Sheila McGaw, the young woman who produced the plays at the repertory theatre in Oxford, travelled third-class. She did this because she thought that art must return to the people before it could again become vital, and she occupied herself with showing a volume of Gordon Craig designs to a farmer who was sitting next to her. She was a tall young woman, with trousers, sharp-cut features, a prominent nose, and straight flaxen hair cut to a bell. The farmer seemed uninterested in the techniques of contemporary stage-craft; an account of the disadvantages of a revolving stage failed to move him; he showed no emotion, except perhaps for a momentary disgust, on being told that in the Soviet Union actors were called People’s Merited Artists and paid large sums of money by Josef Stalin. At the advent of Stanislavsky, seeing no opportunity of flight, he came off the defensive and attempted an outflanking movement. He described the methods used in farming; he waxed enthusiastic over silage, the bulling of cows, bunt, smut, and other seed-borne diseases, chain-harrows of an improved type, and similar subjects; he deplored with a wealth of detail, the activities of the Ministry of Agriculture. This harangue lasted until the train finally got into Oxford, when he bade Sheila a warm farewell and went away feeling slightly surprised at his own eloquence. Sheila, who had been somewhat taken aback at this outburst, eventually managed to persuade herself by a form of autohypnosis that it had all been very interesting. However it seemed likely, she reflected with regret, that a farming life bore little actual resemblance to Eugene O’Neill’s Desire under the Elms.

Robert Warner and his Jewish mistress, Rachel West, travelled up together for the first performance of his new play Metromania at the Oxford Repertory Theatre. It had come as somewhat of a shock to his friends that a satirical dramatist as well known as Warner should have had to put on a new play in the provinces, but there were one or two excellent reasons for this.
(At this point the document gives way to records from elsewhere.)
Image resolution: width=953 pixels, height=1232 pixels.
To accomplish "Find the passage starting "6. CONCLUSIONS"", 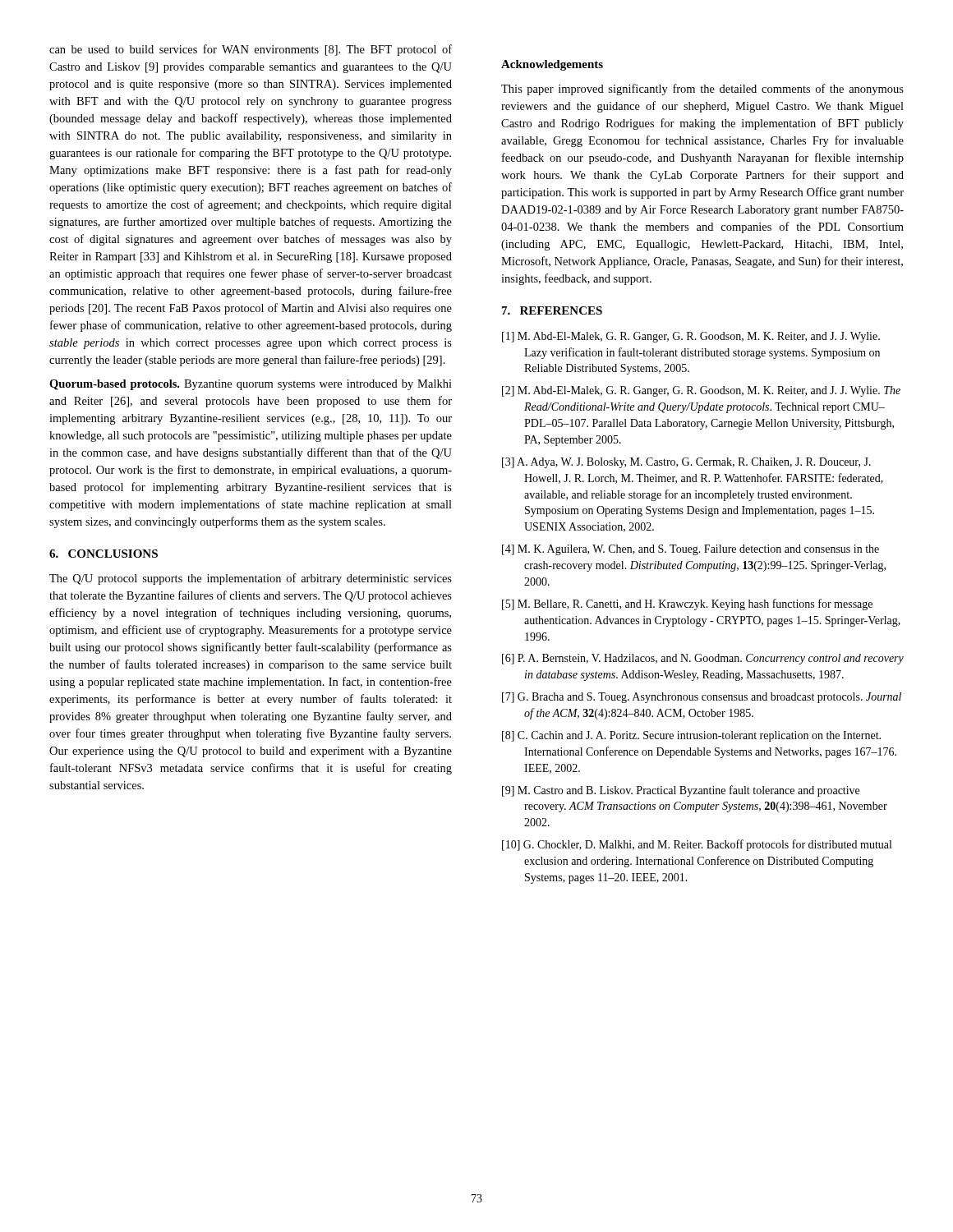I will [104, 554].
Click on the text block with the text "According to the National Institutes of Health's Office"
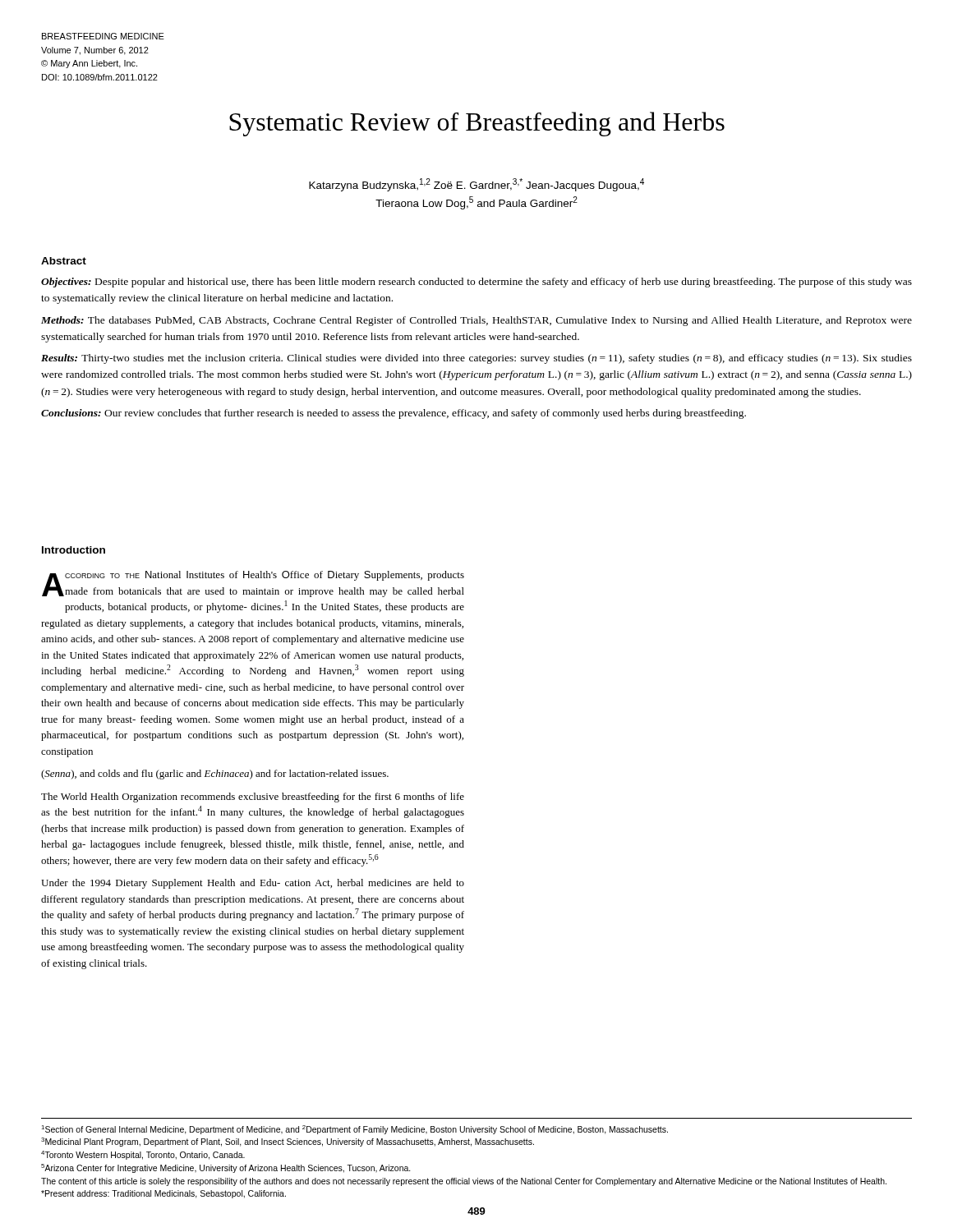Screen dimensions: 1232x953 (x=253, y=769)
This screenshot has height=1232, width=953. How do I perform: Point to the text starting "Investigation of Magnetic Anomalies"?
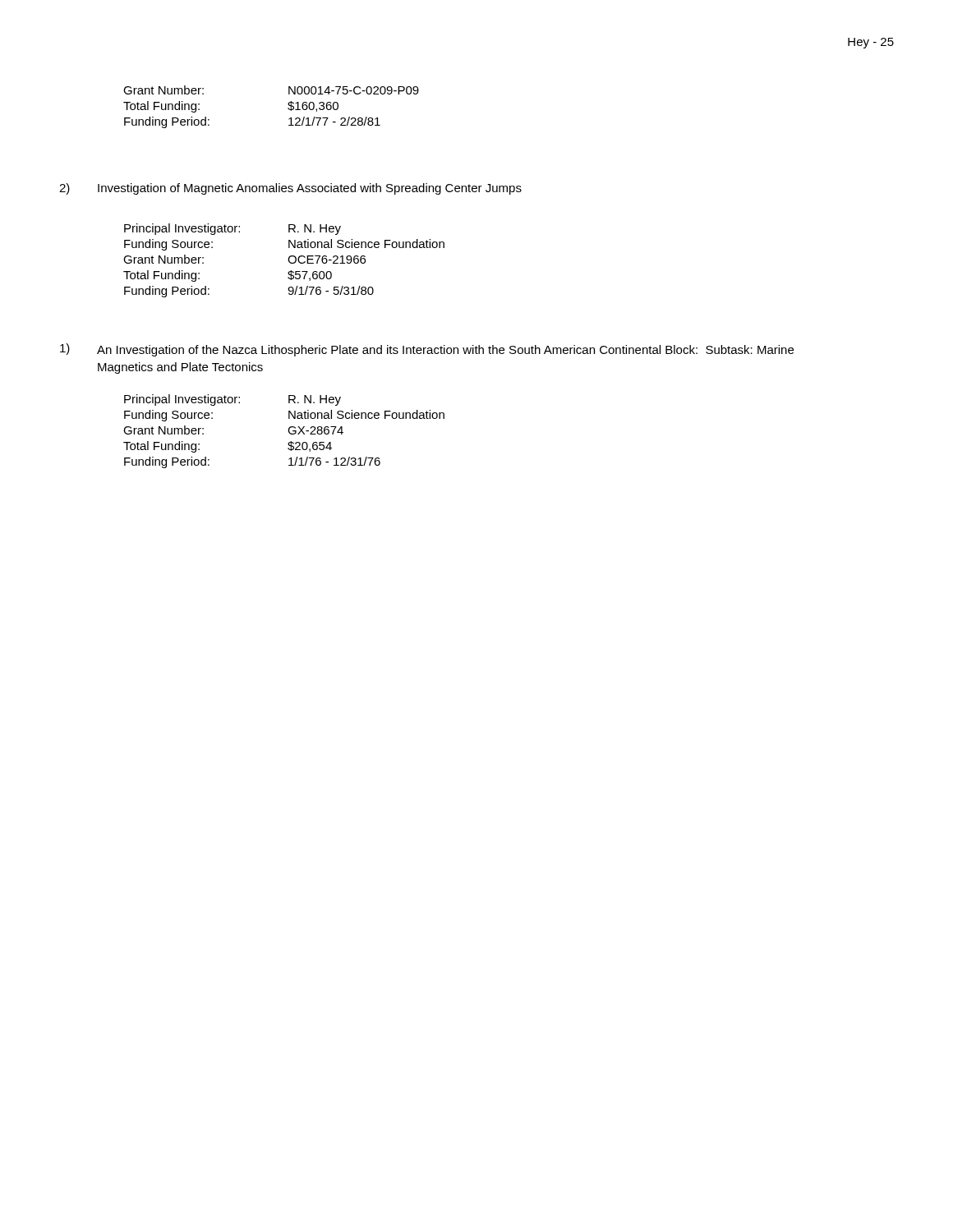click(309, 188)
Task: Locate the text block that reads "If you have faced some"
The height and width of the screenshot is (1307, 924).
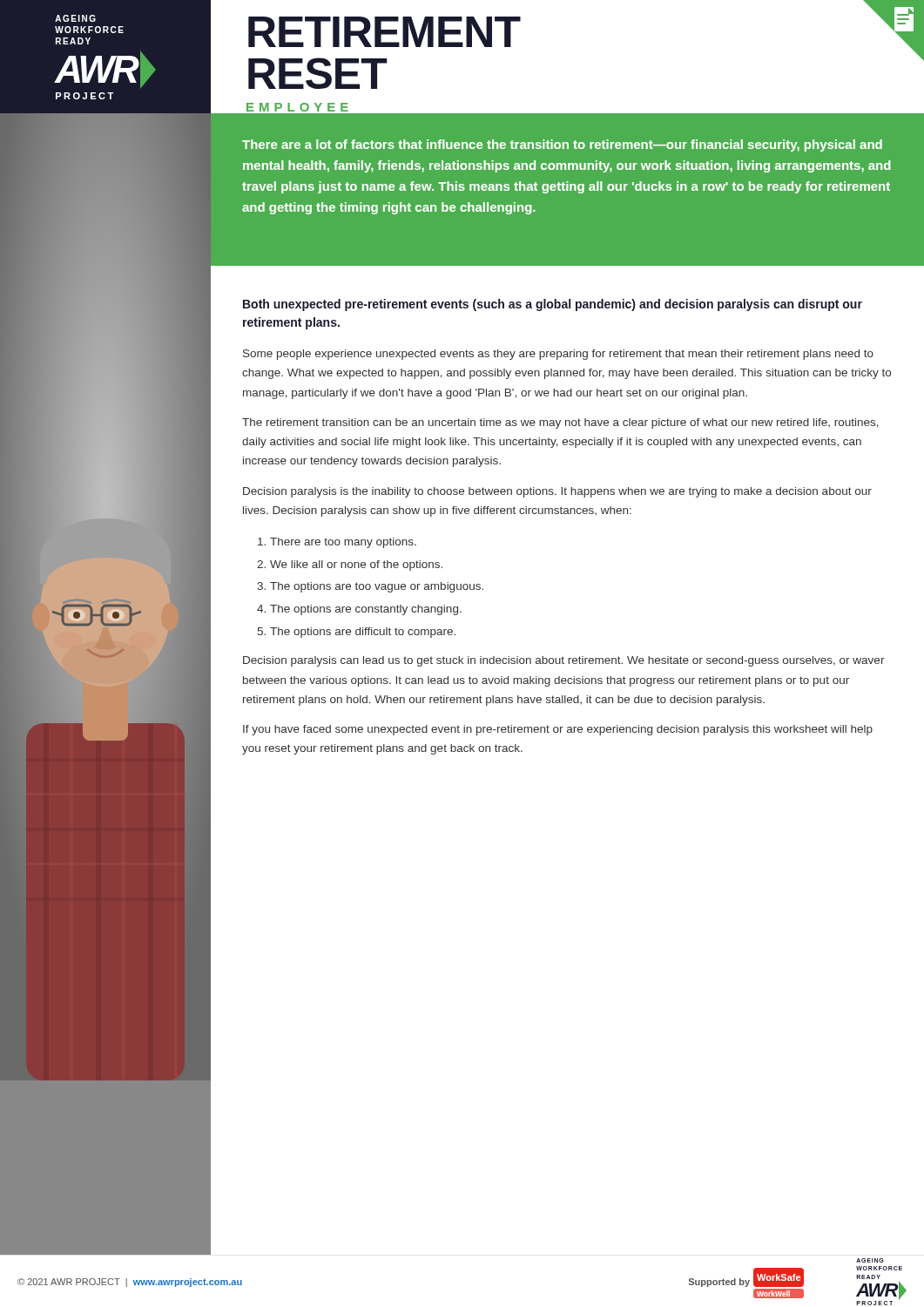Action: (x=567, y=739)
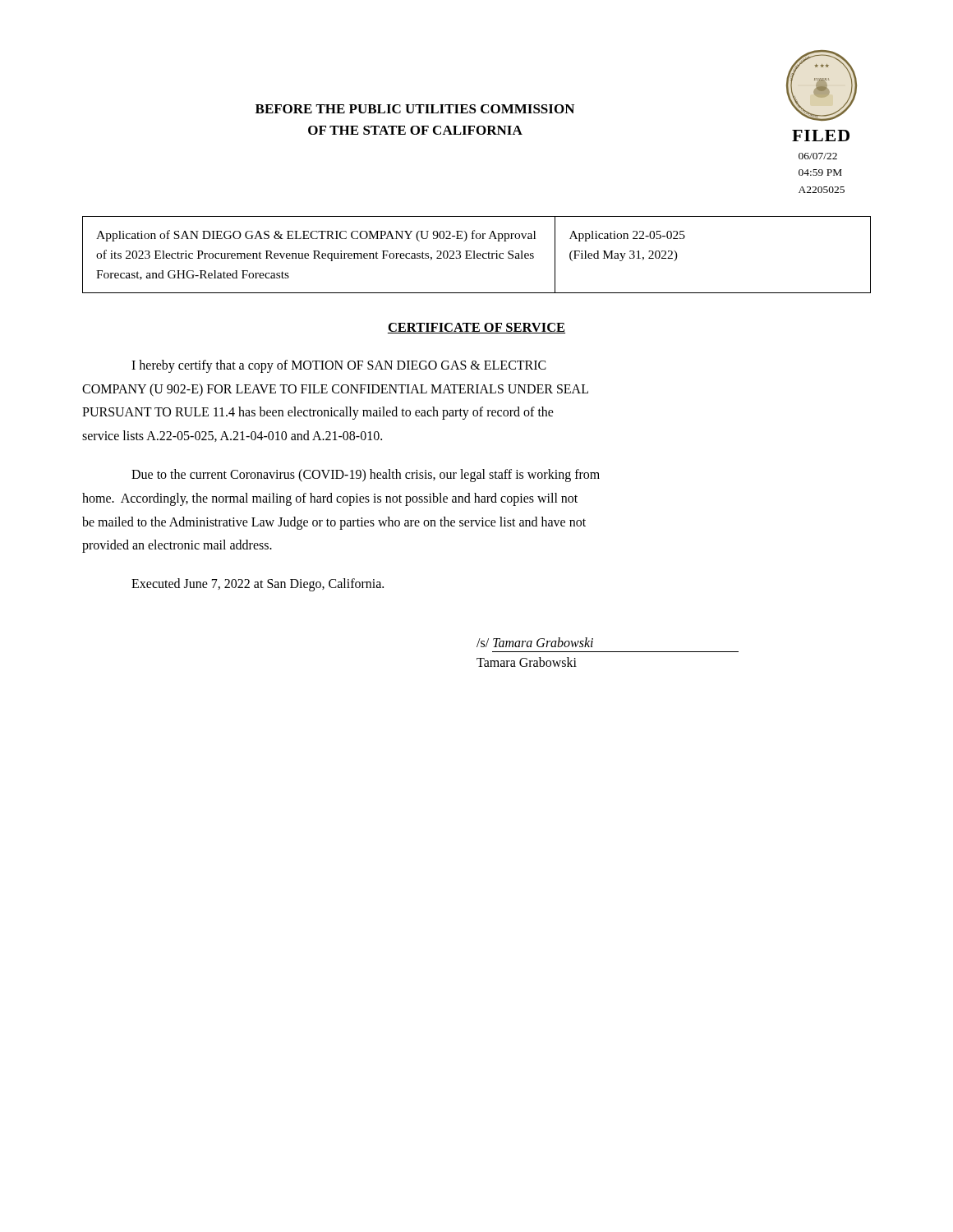Click on the text block that reads "I hereby certify that a copy"
This screenshot has height=1232, width=953.
(476, 401)
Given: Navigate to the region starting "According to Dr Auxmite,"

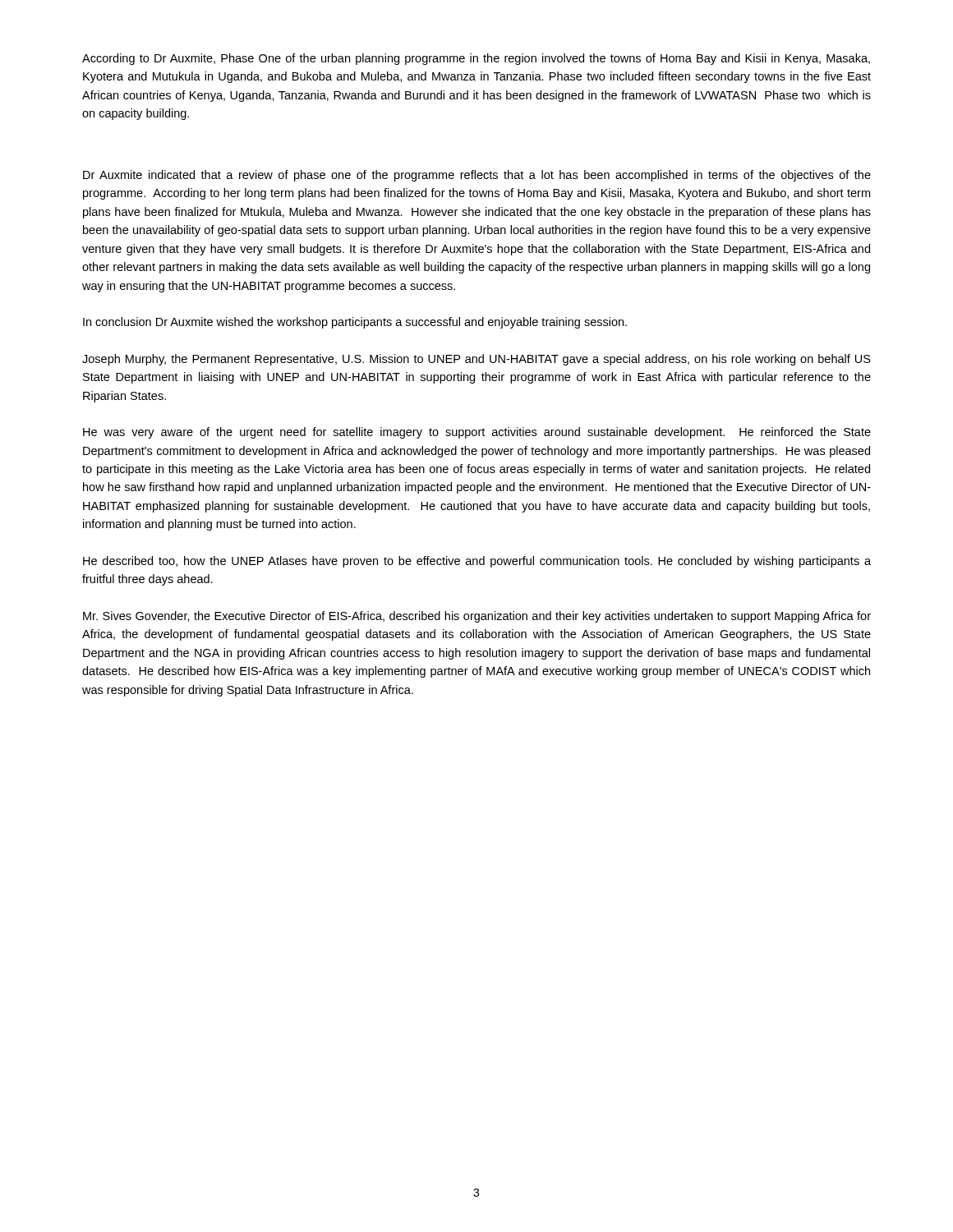Looking at the screenshot, I should pyautogui.click(x=476, y=86).
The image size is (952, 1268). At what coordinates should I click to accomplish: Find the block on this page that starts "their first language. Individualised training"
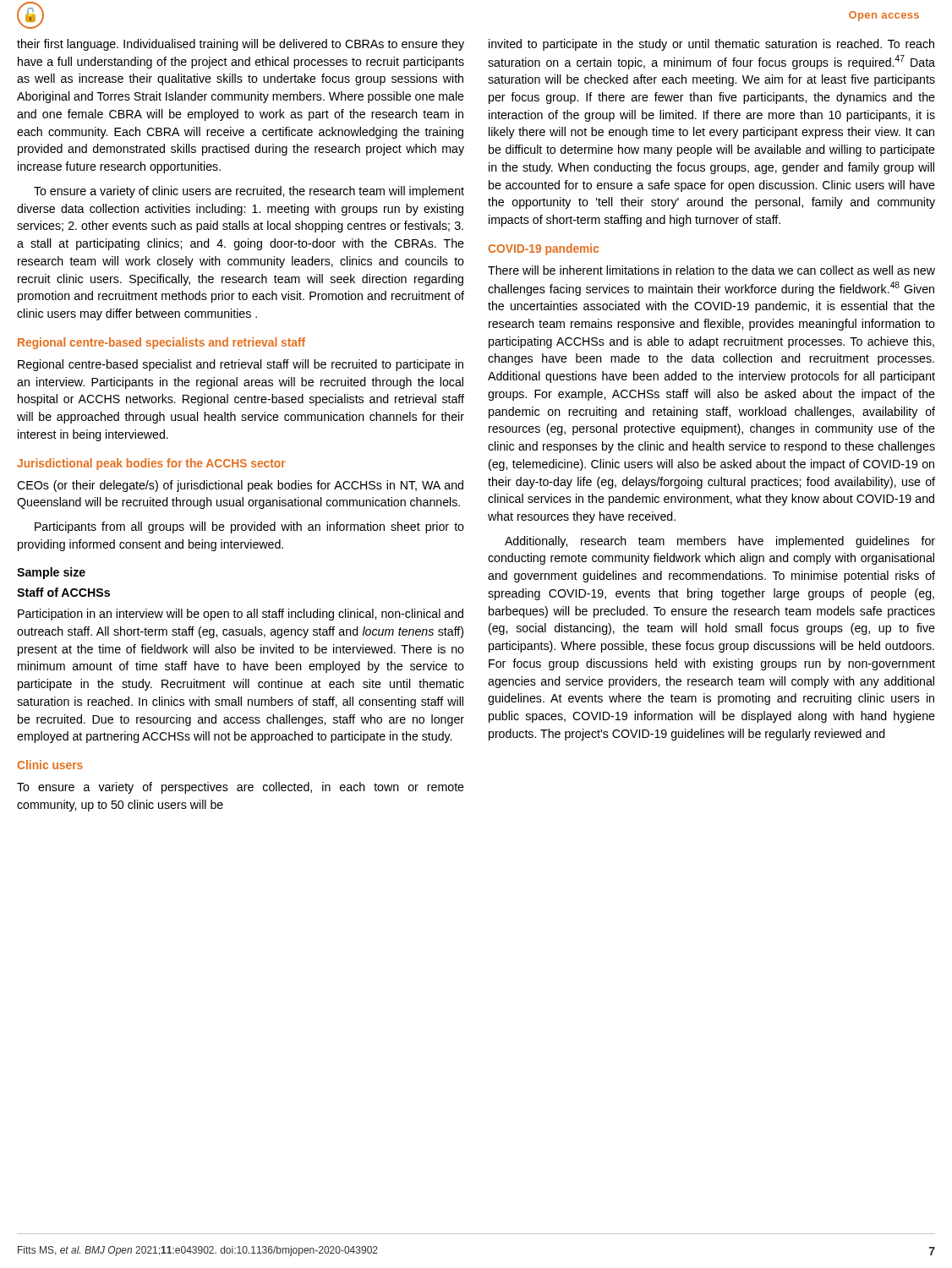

In the first place, his last London production had despite his reputation not been a success, and the managements, assailed by a first-class theatrical slump as a result of the blitz, had become extremely wary; and in the second place, it contained certain experimental elements which he was not entirely certain would come off. From all points of view, a try-out was indicated, and for reasons which I need not go into now, Oxford was chosen. Robert was to produce the play himself, with the company as it stood, but with Rachel, whose West End reputation was a more than adequate box-office draw, in one of the leads. The relationship between Robert and Rachel was an amiable and enduring one, and during the last year had become almost platonic; moreover it was backed by common interests and a genuine mutual esteem and sympathy. From Didcot onwards they sat in silence. Robert was in his late thirties, with rather coarse black hair (a rustic forelock drooping over his brow), heavy horn-rimmed spectacles shielding alert, intelligent eyes, tall, rather lanky and dressed inconspicuously in a dark lounge suit. But there was a certain authority in his bearing and an impression of severity, almost of asceticism in his movements. He reacted to the dallyings of the railway company with practised self-control, only getting up once, to go to the lavatory. Passing down the corridor, he caught a glimpse of Yseut and Helen Haskell two or three compartments away, but passed hurriedly on without attempting to speak to them and hoped they had not seen him. Returning, he told Rachel they were on the train.

‘I like Helen,’ said Rachel reasonably. ‘She’s a sweet child, and an extremely competent actress.’

‘Yseut I abominate.’

‘Well, we can easily miss them when we get to Oxford. I thought you liked Yseut.’

‘I do not like Yseut.’

‘You’ll have to produce both of them on Tuesday, anyway. I don’t see that it makes much difference whether we join up with them now or not.’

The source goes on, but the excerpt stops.